One issue which will likely come up in this task is the order of the points and the signs of their differences. Looking at (-1,1) and (2,3) as an example, students may find  3 and 2 for the change in $x$ and $y$ coordinates or they may find -3 and -2. Either is viable, since when we apply the Pythagorean theorem we will square the quantities and $3^2 + 2^2 = (-3)^2 + (-2)^2$. These calculations build on and reinforce student understanding of distance and absolute value developed in 6.NS.7 and 7.NS.2.

## Solution

1. The three points and the segments joining them are plotted and labeled below: To calculate the distance between two of the points, $A$ and $B$ for example, we can use the Pythagorean Theorem provided we can find a right triangle which has $\overline{AB}$ as one side. The vertical and horizontal grid lines are perpendicular to one another so we can make a right angle by choosing one vertical grid line segment and one horizontal grid line segment as the legs of our triangle. This is also pictured above as $\triangle ADB$ is a right triangle with right angle $D$. We can apply the Pythagorean theorem to $\triangle ADB$ to find $$|AB|^2 = |AD|^2 + |BD|^2.$$We know $|AD| = 2$ units and $|BD| = 6$ units by counting squares on the coordinate grid. So this means $|AD| = \sqrt{40}$ units. Applying the same technique to $\triangle AEC$ with right angle $E$ we find $|AC| = \sqrt{25} = 5$ units. Using $\triangle CFB$ we find that $|CB| = \sqrt{45}$ units.

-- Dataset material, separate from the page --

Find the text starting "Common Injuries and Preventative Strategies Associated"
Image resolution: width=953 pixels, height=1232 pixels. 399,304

2. Building on the work in part (a), we can look for a pattern in the calculations. In each case we take a square root and we are taking the square root of the square of the horizontal change in the point coordinates added to the square of the vertical change in the point coordinates. Applying this idea to (5,9) and (-4,2), the horizontal change in these coordinates is $5 -(-4) = 9$ while the vertical change is $9-2=7$. The squares of these numbers are $9^2 = 81$ and $7^2 = 49$. Then the square root of the sum of these squares is $\sqrt{81+49} = \sqrt{130}$. So the segment joining $(5,9)$ to $(-4,2)$ has length $\sqrt{130}$ units.
3. Looking at part (b), we need to find the horizontal and vertical distance covered to go from $(u,v)$ to $(s,t)$. Moving from $u$ to $s$ requires a horizontal displacement of $s-u$ units while going from $v$ to $t$ is a vertical displacement of $t-v$ units. Applying the pattern in part (b), the distance from $(u,v)$ to $(s,t)$ is $\sqrt{(s-u)^2 + (t-v)^2}$.

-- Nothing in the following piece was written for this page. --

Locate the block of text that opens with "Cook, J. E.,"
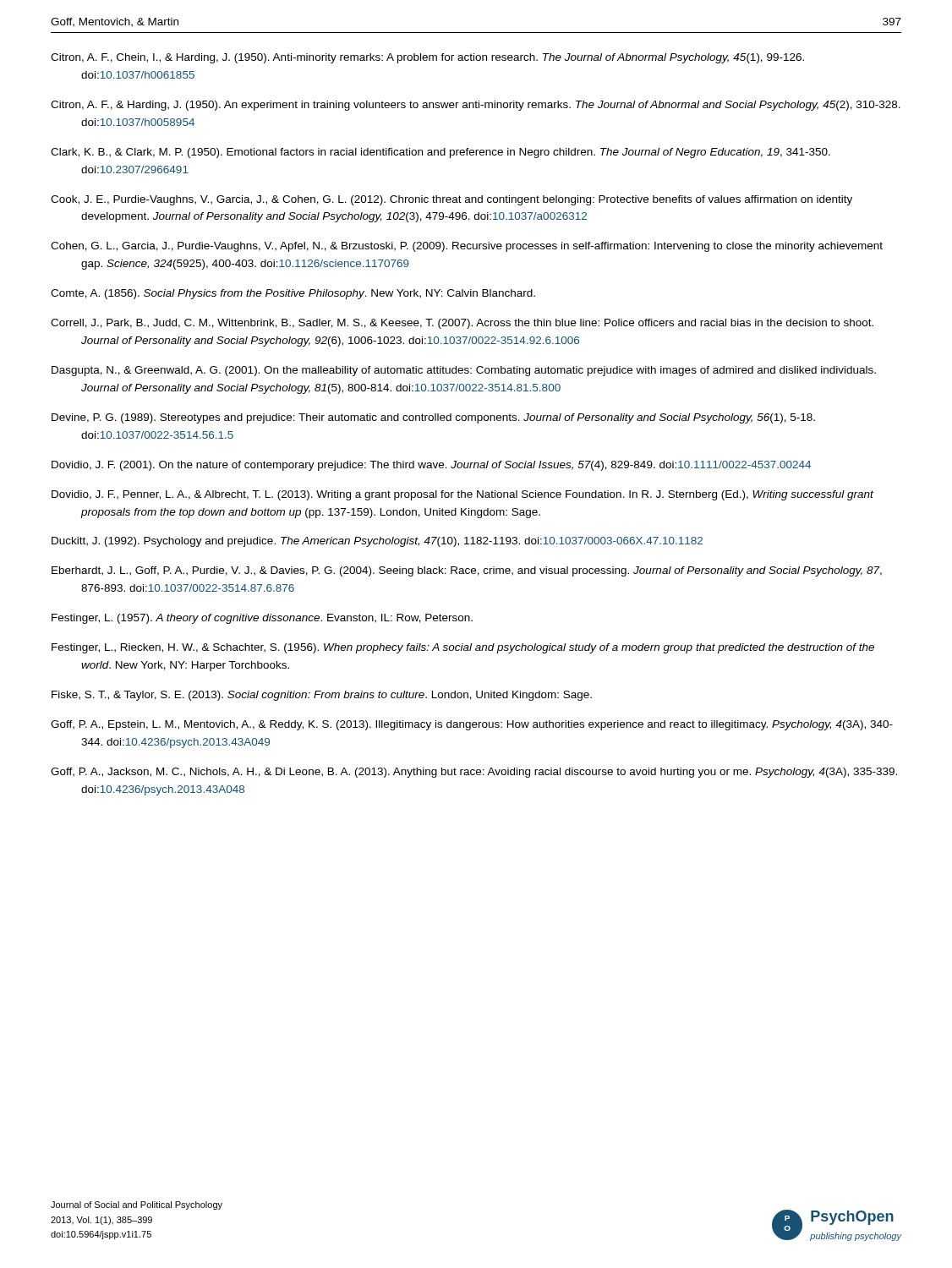The image size is (952, 1268). (476, 208)

We can verify this formula and pattern by drawing a representative picture as in part (a), though we have not labeled the numbers on the axes because we do not know the exact coordinates of the points: There are many other possible pictures as $(u,v)$ or $(s,t)$ could lie on one of the coordinate axes or could be in different quadrants. The Pythagorean relationship, however, holds regardless of where we translate the image.

In order to find the distance from $(u,v)$ to $(s,t)$ we can make these points two vertices of a rectangle, with horizontal and vertical sides, as drawn above. We let $A = (s,t)$ and $B = (u,v)$ in the following calculations. Since side $\overline{BQ}$ is vertical, this means that the $x$-coordinate of $Q$ is the same as that of $B=(u,v)$, namely $u$. Similarly, the $y$-coordinate of $Q$  is the same as the $y$-coordinate of $A = (s,t)$, namely $t$. So $Q = (u,t)$. Leg $\overline{BQ}$ has length $|t-v|$ while leg $QA$ has length $|s-u|$. Applying the Pythagorean theorem we find that the distance from $(u,v)$ to $(s,t)$ is $\sqrt{|s-u|^2 + |t-v|^2}$. This is the same as what we found above: the square of any number is non-negative so $|s-u|^2 = (s-u)^2$ and $|t-v|^2 = (t-v)^2$.

4. Here we apply the formula found in part (c) with $(u,v) = (5,3)$ and $(s,t) = (-1,1)$. We find that the distance between these points is $\sqrt{(-1-5)^2 + (1-3)^2} = \sqrt{40}$, agreeing with our calculations in part (a). The formula gives the same answers as we calculated above in all of the rest of the cases as well.